An acquaintance recently quizzed me about whether planar tracking could be used for flexible, organic subjects. The short answer is “yes, I do it all the time,” but I thought a little case study might help to clarify the matter.
Here is a frame from an upcoming episode of Teen Wolf, with some mocha shapes indicated:
The red splines are the shapes I drew for tracking. Each one isolates a quasi-planar surface that has its own motion. The blue lines indicate where the resulting tracking points will fall—one at each corner. The wrist is far too elastic to get a reliable track, but that doesn’t matter because the grid warp that I create will be able to smooth out the transition from the hand to the forearm.
I exported all three tracking regions to Eyeon Fusion as individual trackers. Each tracker node has four tracking points inside it, ready to be used for corner-pinning. Frequently, a corner-pin is exactly what you’d want from Mocha tracking data. In this case, though, the goal was to put some CG veins on the back of the hand and running up the forearm. While it would be possible to use the trackers to individually control three different vein networks and use some manual warping to merge them together, that’s a really labor-intensive approach. What I really wanted was a way to use a single vein network image that could be warped across the wrist and follow the motion naturally with little additional work.
Here’s a look at how I set it up in Fusion:
Starting with a simple 2 x 2 grid warp, I published each of the points (select a point and Shift-P to publish it) one at a time, so that I would know in what order I needed to connect the trackers. Publishing the points allows you to use them in expressions or attach them to other points. In this case, each of the points in the grid warp was attached to one of the trackers from Mocha.

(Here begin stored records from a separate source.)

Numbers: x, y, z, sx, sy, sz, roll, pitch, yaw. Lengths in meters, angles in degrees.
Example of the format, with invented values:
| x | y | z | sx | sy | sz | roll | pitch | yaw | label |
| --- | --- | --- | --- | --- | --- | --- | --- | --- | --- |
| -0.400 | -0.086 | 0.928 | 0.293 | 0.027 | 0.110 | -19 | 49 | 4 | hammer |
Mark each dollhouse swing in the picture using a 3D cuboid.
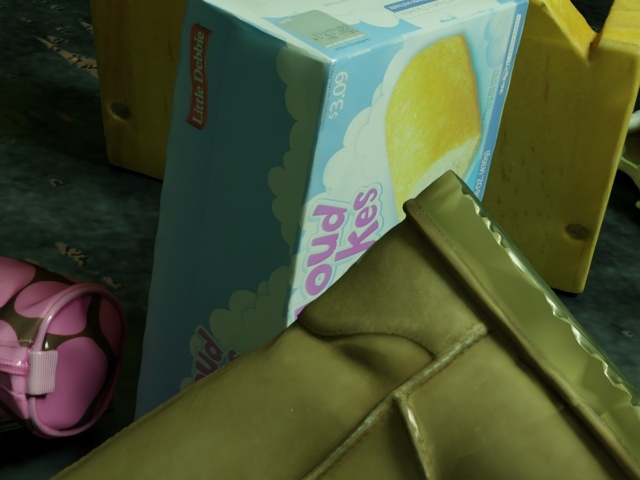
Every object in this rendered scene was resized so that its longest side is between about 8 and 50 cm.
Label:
| x | y | z | sx | sy | sz | roll | pitch | yaw | label |
| --- | --- | --- | --- | --- | --- | --- | --- | --- | --- |
| 0.062 | -0.167 | 1.023 | 0.347 | 0.315 | 0.305 | 16 | 50 | 11 | dollhouse swing |

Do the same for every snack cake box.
| x | y | z | sx | sy | sz | roll | pitch | yaw | label |
| --- | --- | --- | --- | --- | --- | --- | --- | --- | --- |
| 0.000 | 0.000 | 0.712 | 0.089 | 0.264 | 0.152 | 29 | 35 | 30 | snack cake box |

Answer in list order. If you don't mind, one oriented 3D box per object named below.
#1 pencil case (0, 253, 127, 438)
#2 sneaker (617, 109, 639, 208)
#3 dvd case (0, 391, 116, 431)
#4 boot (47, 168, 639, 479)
| x | y | z | sx | sy | sz | roll | pitch | yaw | label |
| --- | --- | --- | --- | --- | --- | --- | --- | --- | --- |
| -0.208 | 0.035 | 0.738 | 0.209 | 0.095 | 0.098 | 16 | -4 | 15 | pencil case |
| 0.286 | -0.033 | 1.054 | 0.092 | 0.087 | 0.228 | -4 | 25 | -10 | sneaker |
| -0.183 | 0.074 | 0.782 | 0.119 | 0.013 | 0.087 | -9 | 34 | -31 | dvd case |
| 0.011 | 0.138 | 0.530 | 0.236 | 0.269 | 0.089 | 54 | 9 | 29 | boot |

By the way, there was one point at the top of the forearm that did not have a suitable Mocha tracking point available. I gave that one an expression to place it halfway between the other two points at the top of the forearm. This is the midpoint formula: (x1 + x2) / 2, (y1 + y2) / 2.
The resulting grid warp enables us to draw the vein network in full resolution, and it is mapped onto the hand as though it were a texture. The above image, of course, just has a checkerboard that I used to set the system up and check the track. The next step would be to adjust the source grid in order to fix the stretching the checkerboard.
So hopefully that clarifies one way in which a planar tracker like Mocha can be used to track organic subjects and even account for flexion. I have also used it to track blinking eyes and mouth shapes. Although it’s called “planar tracking,” it really does work for a large number of cases with curved or organic surfaces.